String of British firms switch over to four-day working week - joeyespo
https://www.theguardian.com/world/2019/mar/12/string-of-british-firms-switch-over-to-four-day-working-week
======
Zenst
One aspect many overlook about 4 day weeks is public transport costs. I speak
as somebody who lives in outer London and 15 years ago looked into this with
my employer at the time and whilst the salary adjustment aspect for reduced
hours was fine with me, what tipped it was the travel costs. Reason being you
can buy daily/weekly/monthly or yearly tickets. Which scale in price, and 4x
daily tickets was no cheaper than a weekly ticket. So found I would in effect
still be paying the same money weekly travel even if only traveling 4 days
instead of 5. Whilst such details for many won't be an issue, it is little
things like this that add up. Maybe your employer offers free meals, so you
then have the extra cost of a days food with a 4 day week.

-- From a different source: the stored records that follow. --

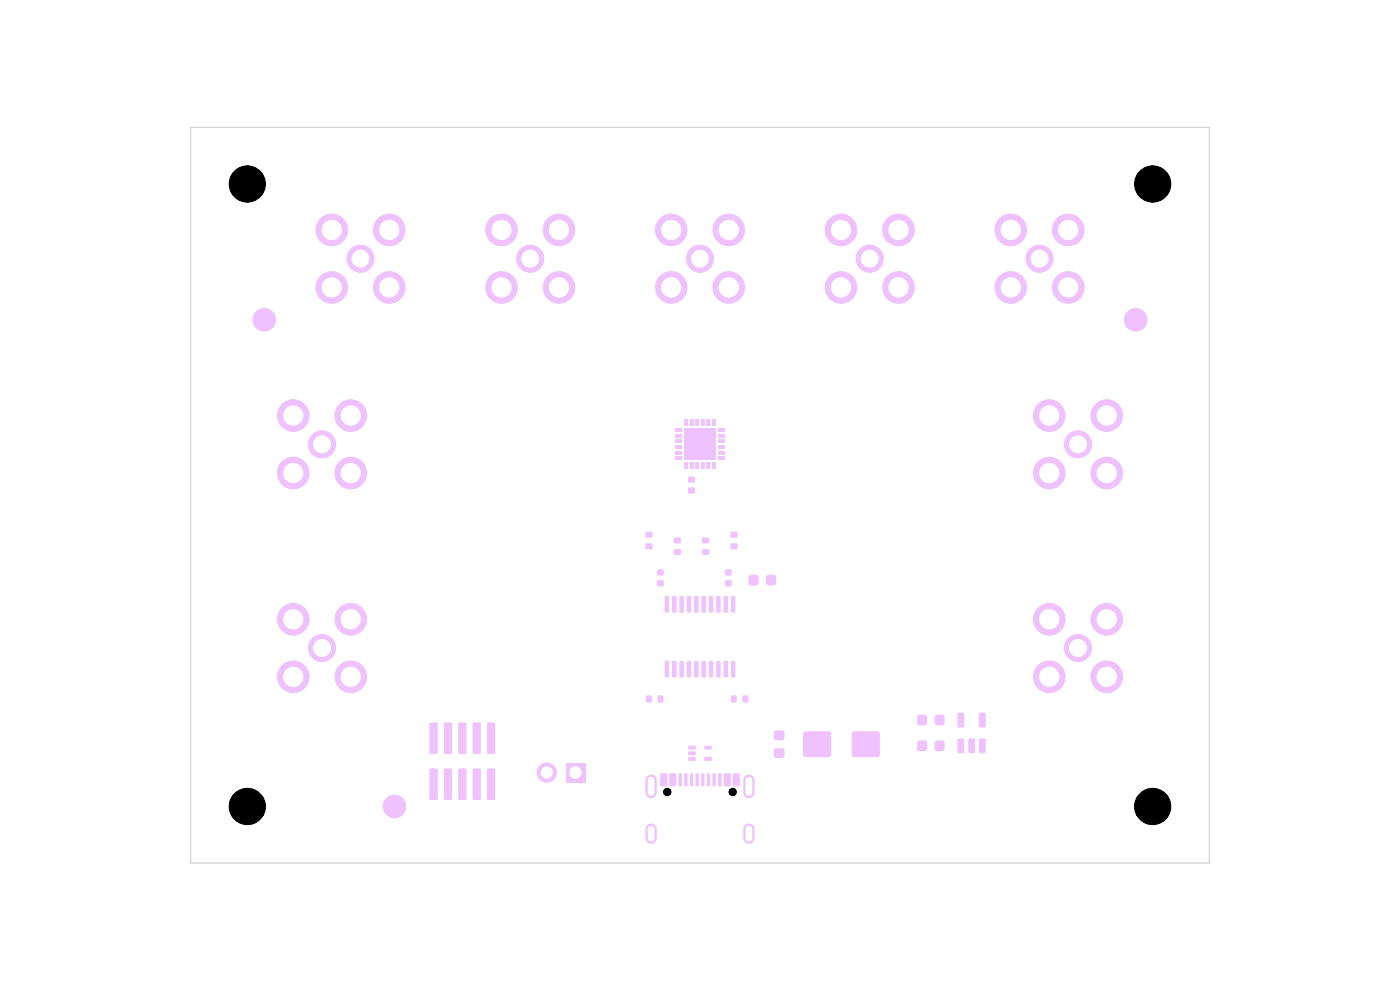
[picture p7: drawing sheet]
<svg xmlns="http://www.w3.org/2000/svg" width="297mm" height="210mm" viewBox="0 0 297 210" stroke-linecap="round" stroke-linejoin="round" font-family="sans-serif">
<g fill="#efc1ff">
<path d="M198.4 151.8l.4-.2h1.1l.4 .2 .1 .3v1.2l-.1 .4-.4 .2h-1.1l-.4-.2-.1-.4v-1.2z"/>
<path d="M194.7 151.8l.4-.2h1.1l.3 .2 .2 .3v1.2l-.2 .4-.3 .2h-1.1l-.4-.2-.2-.4v-1.2z"/>
<path d="M137.1 147.6h1.1v1.3h-1.1z"/>
<path d="M139.6 147.6h1.1v1.3h-1.1z"/>
<path d="M146 158.2h1.5l.1 .7-.2 .1h-1.3l-.1-.2z"/>
<path d="M146 159.4h1.5l.1 .7-.2 .1h-1.3l-.1-.2z"/>
<path d="M146 160.6h1.5l.1 .7-.2 .1h-1.3l-.1-.2z"/>
<path d="M149.5 160.6h1.4l.1 .7-.2 .1h-1.3l-.1-.2z"/>
<path d="M149.5 158.2h1.4l.1 .7-.2 .1h-1.3l-.1-.2z"/>
</g>
<circle cx="56.1" cy="67.8" r="2.4" fill="#efc1ff" stroke="#efc1ff" stroke-width=".21"/>
<g fill="#efc1ff">
<path d="M143.2 90.9h1.5v.7h-1.5z"/>
<path d="M143.2 92.1h1.5v.7h-1.5z"/>
<path d="M143.2 93.3h1.5v.7h-1.5z"/>
<path d="M143.2 94.5h1.5v.7h-1.5z"/>
<path d="M143.2 95.7h1.5v.7h-1.5z"/>
<path d="M143.2 96.9h1.5v.7h-1.5z"/>
<path d="M145.1 98.1h.8v1.4h-.8z"/>
<path d="M146.3 98.1h.8v1.4h-.8z"/>
<path d="M147.5 98.1h.8v1.4h-.8z"/>
<path d="M148.7 98.1h.8v1.4h-.8z"/>
<path d="M149.9 98.1h.8v1.4h-.8z"/>
<path d="M151.1 98.1h.8v1.4h-.8z"/>
<path d="M152.3 96.9h1.5v.7h-1.5z"/>
<path d="M152.3 95.7h1.5v.7h-1.5z"/>
<path d="M152.3 94.5h1.5v.7h-1.5z"/>
<path d="M152.3 93.3h1.5v.7h-1.5z"/>
<path d="M152.3 92.1h1.5v.7h-1.5z"/>
<path d="M152.3 90.9h1.5v.7h-1.5z"/>
<path d="M151.1 89h.8v1.4h-.8z"/>
<path d="M149.9 89h.8v1.4h-.8z"/>
<path d="M148.7 89h.8v1.4h-.8z"/>
<path d="M147.5 89h.8v1.4h-.8z"/>
<path d="M146.3 89h.8v1.4h-.8z"/>
<path d="M145.1 89h.8v1.4h-.8z"/>
<path d="M145.2 91h6.6v6.6h-6.6z"/>
</g>
<g fill="#efc1ff" stroke="#efc1ff" stroke-width=".21">
<circle cx="220.5" cy="54.9" r="2.88"/>
<circle cx="226.6" cy="61" r="3.4"/>
<circle cx="214.4" cy="61" r="3.4"/>
<circle cx="226.6" cy="48.8" r="3.4"/>
<circle cx="214.4" cy="48.8" r="3.4"/>
<circle cx="141.6" cy="168" r=".78"/>
<circle cx="155.4" cy="168" r=".78"/>
</g>
<g fill="#efc1ff">
<path d="M140.2 164.2l1-.2 .3 .3v2.1l-.2 .4h-.8l-.4-.2z"/>
<path d="M142.1 164.2l1-.2 .3 .3 .1 2.1-.3 .4h-.8l-.4-.2z"/>
<path d="M145.2 164.1l.5-.1 .2 .2v2.4l-.2 .2h-.4l-.2-.2z"/>
<path d="M147.6 164.1l.5-.1 .2 .2v2.4l-.2 .2h-.4l-.2-.2z"/>
<path d="M148.8 164.1l.5-.1 .2 .2v2.4l-.2 .2h-.4l-.2-.2z"/>
<path d="M151.2 164.1l.5-.1 .2 .2v2.4l-.2 .2h-.4l-.2-.2z"/>
<path d="M153.6 164.2l1-.2 .4 .3v2.1l-.2 .4h-.9l-.3-.2z"/>
<path d="M155.6 164.2l.9-.2 .4 .3v2.1l-.2 .4h-.9l-.3-.2z"/>
<path d="M152.4 164.1l.5-.1 .2 .2v2.4l-.2 .2h-.4l-.2-.2z"/>
<path d="M150 164.1l.5-.1 .2 .2v2.4l-.2 .2h-.4l-.2-.2z"/>
<path d="M146.4 164.1l.5-.1 .2 .2v2.4l-.2 .2h-.4l-.2-.2z"/>
<path d="M144 164.1l.5-.1 .2 .2v2.4l-.2 .2h-.4l-.2-.2z"/>
</g>
<path d="M138.1 165.5v2.6M138.1 175.9v1.9M158.9 165.5v2.6M158.9 175.9v1.9" fill="none" stroke="#efc1ff" stroke-width="2.4"/>
<g fill="#efc1ff">
<path d="M198.4 157.2l.4-.1h1.1l.4 .1 .1 .4v1.2l-.1 .4-.4 .2h-1.1l-.4-.2-.1-.4v-1.2z"/>
<path d="M194.7 157.2l.4-.1h1.1l.3 .1 .2 .4v1.2l-.2 .4-.3 .2h-1.1l-.4-.2-.2-.4v-1.2z"/>
</g>
<g fill="#efc1ff" stroke="#efc1ff" stroke-width=".21">
<circle cx="228.7" cy="94.3" r="2.88"/>
<circle cx="222.6" cy="100.3" r="3.4"/>
<circle cx="222.6" cy="88.2" r="3.4"/>
<circle cx="234.8" cy="100.3" r="3.4"/>
<circle cx="234.8" cy="88.2" r="3.4"/>
</g>
<g fill="#efc1ff">
<path d="M155 115.3h1.4v1.1h-1.4z"/>
<path d="M155 112.9h1.4v1.1h-1.4z"/>
<path d="M153.9 123.2h1.2v1.1h-1.2z"/>
<path d="M153.9 120.9h1.2v1.1h-1.2z"/>
<path d="M139.5 123.2h1.2v1.1h-1.2z"/>
<path d="M139.5 120.9h1.2v1.1h-1.2z"/>
<path d="M203.2 156.7l1-.1 .3 .2 .1 2.6-.3 .4h-.8l-.4-.2z"/>
<path d="M205.5 156.7l1-.1 .3 .2v2.6l-.2 .4h-.8l-.4-.2z"/>
<path d="M207.8 156.7l1-.1 .3 .2v2.6l-.2 .4h-.9l-.3-.2z"/>
<path d="M207.8 151.3l1-.1 .3 .2v2.6l-.2 .3h-.9l-.3-.2z"/>
<path d="M203.2 151.3l1-.1 .3 .2 .1 2.6-.3 .3h-.8l-.4-.2z"/>
<path d="M162.6 122.1l.4-.2h1.1l.4 .2 .1 .4v1.2l-.1 .3-.4 .2h-1.1l-.4-.2-.1-.3v-1.2z"/>
<path d="M158.9 122.1l.4-.2h1.1l.4 .2 .1 .4v1.2l-.1 .3-.4 .2h-1.1l-.4-.2-.1-.3v-1.2z"/>
</g>
<g fill="#efc1ff" stroke="#efc1ff" stroke-width=".21">
<circle cx="68.3" cy="137.5" r="2.88"/>
<circle cx="74.4" cy="131.4" r="3.4"/>
<circle cx="74.4" cy="143.6" r="3.4"/>
<circle cx="62.2" cy="131.4" r="3.4"/>
<circle cx="62.2" cy="143.6" r="3.4"/>
</g>
<g fill="#efc1ff">
<path d="M149 114.1h1.4v1.1h-1.4z"/>
<path d="M149 116.5h1.4v1.1h-1.4z"/>
</g>
<g fill="#efc1ff" stroke="#efc1ff" stroke-width=".21">
<circle cx="68.3" cy="94.3" r="2.88"/>
<circle cx="74.4" cy="88.2" r="3.4"/>
<circle cx="74.4" cy="100.3" r="3.4"/>
<circle cx="62.2" cy="88.2" r="3.4"/>
<circle cx="62.2" cy="100.3" r="3.4"/>
<circle cx="244.5" cy="171.1" r="3.8"/>
</g>
<g fill="#efc1ff">
<path d="M143 114.1h1.4v1.1h-1.4z"/>
<path d="M143 116.5h1.4v1.1h-1.4z"/>
<path d="M120.1 161.8h4v4.1h-4z"/>
</g>
<g fill="#efc1ff" stroke="#efc1ff" stroke-width=".21">
<circle cx="116" cy="163.9" r="2.04"/>
<circle cx="244.5" cy="39" r="3.8"/>
<circle cx="52.5" cy="39" r="3.8"/>
<circle cx="148.5" cy="54.9" r="2.88"/>
<circle cx="154.6" cy="61" r="3.4"/>
<circle cx="142.4" cy="61" r="3.4"/>
<circle cx="154.6" cy="48.8" r="3.4"/>
<circle cx="142.4" cy="48.8" r="3.4"/>
<circle cx="83.7" cy="171.1" r="2.4"/>
<circle cx="228.7" cy="137.5" r="2.88"/>
<circle cx="222.6" cy="143.6" r="3.4"/>
<circle cx="222.6" cy="131.4" r="3.4"/>
<circle cx="234.8" cy="143.6" r="3.4"/>
<circle cx="234.8" cy="131.4" r="3.4"/>
</g>
<g fill="#efc1ff">
<path d="M155.1 126.5l.7-.1 .2 .2v3.1l-.1 .2-.6 .1-.2-.2z"/>
<path d="M153.6 126.5l.6-.1 .2 .2v3.1l-.1 .2-.6 .1-.2-.2z"/>
<path d="M152 126.5l.6-.1 .3 .2v3.1l-.2 .2-.5 .1-.3-.2z"/>
<path d="M150.4 126.5l.7-.1 .2 .2v3.1l-.1 .2-.6 .1-.2-.2z"/>
<path d="M148.9 126.5l.6-.1 .2 .2 .1 3.1-.2 .2-.6 .1-.2-.2z"/>
<path d="M147.3 126.5l.7-.1 .2 .2v3.1l-.1 .2-.6 .1-.2-.2z"/>
<path d="M145.8 126.5l.6-.1 .2 .2v3.1l-.1 .2-.6 .1-.2-.2z"/>
<path d="M144.2 126.5l.6-.1 .3 .2v3.1l-.2 .2-.5 .1-.3-.2z"/>
<path d="M142.6 126.5l.7-.1 .2 .2v3.1l-.1 .2-.6 .1-.2-.2z"/>
<path d="M141.1 126.5l.6-.1 .2 .2 .1 3.1-.2 .2-.6 .1-.2-.2z"/>
<path d="M141.1 140.2h.6l.2 .1 .1 3.2-.2 .2h-.6l-.2-.1z"/>
<path d="M142.6 140.2h.7l.2 .1v3.2l-.1 .2h-.6l-.2-.1z"/>
<path d="M144.2 140.2h.6l.3 .1v3.2l-.2 .2h-.5l-.3-.1z"/>
<path d="M145.8 140.2h.6l.2 .1v3.2l-.1 .2h-.6l-.2-.1z"/>
<path d="M147.3 140.2h.7l.2 .1v3.2l-.1 .2h-.6l-.2-.1z"/>
<path d="M148.9 140.2h.6l.2 .1 .1 3.2-.2 .2h-.6l-.2-.1z"/>
<path d="M150.4 140.2h.7l.2 .1v3.2l-.1 .2h-.6l-.2-.1z"/>
<path d="M152 140.2h.6l.3 .1v3.2l-.2 .2h-.5l-.3-.1z"/>
<path d="M153.6 140.2h.6l.2 .1v3.2l-.1 .2h-.6l-.2-.1z"/>
<path d="M155.1 140.2h.7l.2 .1v3.2l-.1 .2h-.6l-.2-.1z"/>
</g>
<g fill="#efc1ff" stroke="#efc1ff" stroke-width=".21">
<circle cx="76.5" cy="54.9" r="2.88"/>
<circle cx="82.6" cy="61" r="3.4"/>
<circle cx="70.4" cy="61" r="3.4"/>
<circle cx="82.6" cy="48.8" r="3.4"/>
<circle cx="70.4" cy="48.8" r="3.4"/>
<circle cx="240.9" cy="67.8" r="2.4"/>
</g>
<g fill="#efc1ff">
<path d="M146.1 101.2h1.2v1.1h-1.2z"/>
<path d="M146.1 103.5h1.2v1.1h-1.2z"/>
<path d="M170.5 155.3l.4-.2h4.9a.6 .6 0 0 1 .6 .6v4.3a.6 .6 0 0 1-.6 .6h-4.9a.6 .6 0 0 1-.6-.6v-4.3z"/>
<path d="M180.8 155.3l.5-.2h4.8a.6 .6 0 0 1 .6 .6v4.3a.6 .6 0 0 1-.6 .6h-4.8a.6 .6 0 0 1-.6-.6v-4.3z"/>
<path d="M164.3 158.9l.4-.2h1.2l.4 .2 .1 .3v1.1l-.1 .4-.4 .1h-1.2l-.4-.1-.1-.4v-1.1z"/>
<path d="M164.3 155.1l.4-.2h1.2l.4 .2 .1 .4v1l-.1 .4-.4 .1h-1.2l-.4-.1-.1-.4v-1z"/>
</g>
<g fill="#efc1ff" stroke="#efc1ff" stroke-width=".21">
<circle cx="112.5" cy="54.9" r="2.88"/>
<circle cx="118.6" cy="61" r="3.4"/>
<circle cx="106.4" cy="61" r="3.4"/>
<circle cx="118.6" cy="48.8" r="3.4"/>
<circle cx="106.4" cy="48.8" r="3.4"/>
<circle cx="52.5" cy="171.1" r="3.8"/>
</g>
<g fill="#efc1ff">
<path d="M155.1 147.6h1.1v1.3h-1.1z"/>
<path d="M157.6 147.6h1.1v1.3h-1.1z"/>
<path d="M91.2 163.1l1.4-.1 .3 .2v6.2l-.2 .3h-1.3l-.3-.2z"/>
<path d="M91.2 153.3l1.4-.1 .3 .2v6.3l-.2 .2h-1.3l-.3-.1z"/>
<path d="M94.2 163.1l1.5-.1 .2 .2v6.2l-.1 .3h-1.4l-.2-.2z"/>
<path d="M94.2 153.3l1.5-.1 .2 .2v6.3l-.1 .2h-1.4l-.2-.1z"/>
<path d="M97.3 163.1l1.4-.1 .3 .2v6.2l-.2 .3h-1.3l-.3-.2z"/>
<path d="M97.3 153.3l1.4-.1 .3 .2v6.3l-.2 .2h-1.3l-.3-.1z"/>
<path d="M100.3 163.1l1.5-.1 .2 .2v6.2l-.1 .3h-1.4l-.2-.2z"/>
<path d="M100.3 153.3l1.5-.1 .2 .2v6.3l-.1 .2h-1.4l-.2-.1z"/>
<path d="M103.4 163.1l1.4-.1 .2 .2 .1 6.2-.2 .3h-1.3l-.3-.2z"/>
<path d="M103.4 153.3l1.4-.1 .2 .2 .1 6.3-.2 .2h-1.3l-.3-.1z"/>
<path d="M137 112.9h1.4v1.1h-1.4z"/>
<path d="M137 115.3h1.4v1.1h-1.4z"/>
</g>
<g fill="#efc1ff" stroke="#efc1ff" stroke-width=".21">
<circle cx="184.5" cy="54.9" r="2.88"/>
<circle cx="190.6" cy="61" r="3.4"/>
<circle cx="178.4" cy="61" r="3.4"/>
<circle cx="190.6" cy="48.8" r="3.4"/>
<circle cx="178.4" cy="48.8" r="3.4"/>
</g>
<path d="M40.5 27h216v156.1h-216z" fill="none" stroke="#d0d2cd" stroke-width=".24"/>
<g fill="#fff" stroke="#fff" stroke-width=".21">
<circle cx="220.5" cy="54.9" r="1.8"/>
<circle cx="226.6" cy="61" r="2.04"/>
<circle cx="214.4" cy="61" r="2.04"/>
<circle cx="226.6" cy="48.8" r="2.04"/>
<circle cx="214.4" cy="48.8" r="2.04"/>
<circle cx="228.7" cy="94.3" r="1.8"/>
<circle cx="222.6" cy="100.3" r="2.04"/>
<circle cx="222.6" cy="88.2" r="2.04"/>
<circle cx="234.8" cy="100.3" r="2.04"/>
<circle cx="234.8" cy="88.2" r="2.04"/>
<circle cx="68.3" cy="137.5" r="1.8"/>
<circle cx="74.4" cy="131.4" r="2.04"/>
<circle cx="74.4" cy="143.6" r="2.04"/>
<circle cx="62.2" cy="131.4" r="2.04"/>
<circle cx="62.2" cy="143.6" r="2.04"/>
<circle cx="68.3" cy="94.3" r="1.8"/>
<circle cx="74.4" cy="88.2" r="2.04"/>
<circle cx="74.4" cy="100.3" r="2.04"/>
<circle cx="62.2" cy="88.2" r="2.04"/>
<circle cx="62.2" cy="100.3" r="2.04"/>
<circle cx="122.1" cy="163.9" r="1.2"/>
<circle cx="116" cy="163.9" r="1.2"/>
<circle cx="148.5" cy="54.9" r="1.8"/>
<circle cx="154.6" cy="61" r="2.04"/>
<circle cx="142.4" cy="61" r="2.04"/>
<circle cx="154.6" cy="48.8" r="2.04"/>
<circle cx="142.4" cy="48.8" r="2.04"/>
<circle cx="228.7" cy="137.5" r="1.8"/>
<circle cx="222.6" cy="143.6" r="2.04"/>
<circle cx="222.6" cy="131.4" r="2.04"/>
<circle cx="234.8" cy="143.6" r="2.04"/>
<circle cx="234.8" cy="131.4" r="2.04"/>
<circle cx="76.5" cy="54.9" r="1.8"/>
<circle cx="82.6" cy="61" r="2.04"/>
<circle cx="70.4" cy="61" r="2.04"/>
<circle cx="82.6" cy="48.8" r="2.04"/>
<circle cx="70.4" cy="48.8" r="2.04"/>
<circle cx="112.5" cy="54.9" r="1.8"/>
<circle cx="118.6" cy="61" r="2.04"/>
<circle cx="106.4" cy="61" r="2.04"/>
<circle cx="118.6" cy="48.8" r="2.04"/>
<circle cx="106.4" cy="48.8" r="2.04"/>
<circle cx="184.5" cy="54.9" r="1.8"/>
<circle cx="190.6" cy="61" r="2.04"/>
<circle cx="178.4" cy="61" r="2.04"/>
<circle cx="190.6" cy="48.8" r="2.04"/>
<circle cx="178.4" cy="48.8" r="2.04"/>
</g>
<g fill="#000" stroke="#000" stroke-width=".21">
<circle cx="52.5" cy="39" r="3.8"/>
<circle cx="244.5" cy="39" r="3.8"/>
<circle cx="52.5" cy="171.1" r="3.8"/>
<circle cx="141.6" cy="168" r=".78"/>
<circle cx="155.4" cy="168" r=".78"/>
<circle cx="244.5" cy="171.1" r="3.8"/>
</g>
<path d="M138.1 165.5v2.6M138.1 175.9v1.9M158.9 165.5v2.6M158.9 175.9v1.9" fill="none" stroke="#fff" stroke-width="1.4"/>
</svg>

Whilst we will see the working week reduced, I'm equally aware that for some
it may not be ideal. For me an ideal working week would be 3-4 days and 1-2
days education. But then that is another area that gets overlooked - ongoing
education.

What is better for many though is proper flexi-hours. The ability to travel to
work off-peak - starting later, makes the travel costs more palatable and more
importantly - far less stressful. Oh and you can get a seat as well, which is
a bonus for London trains.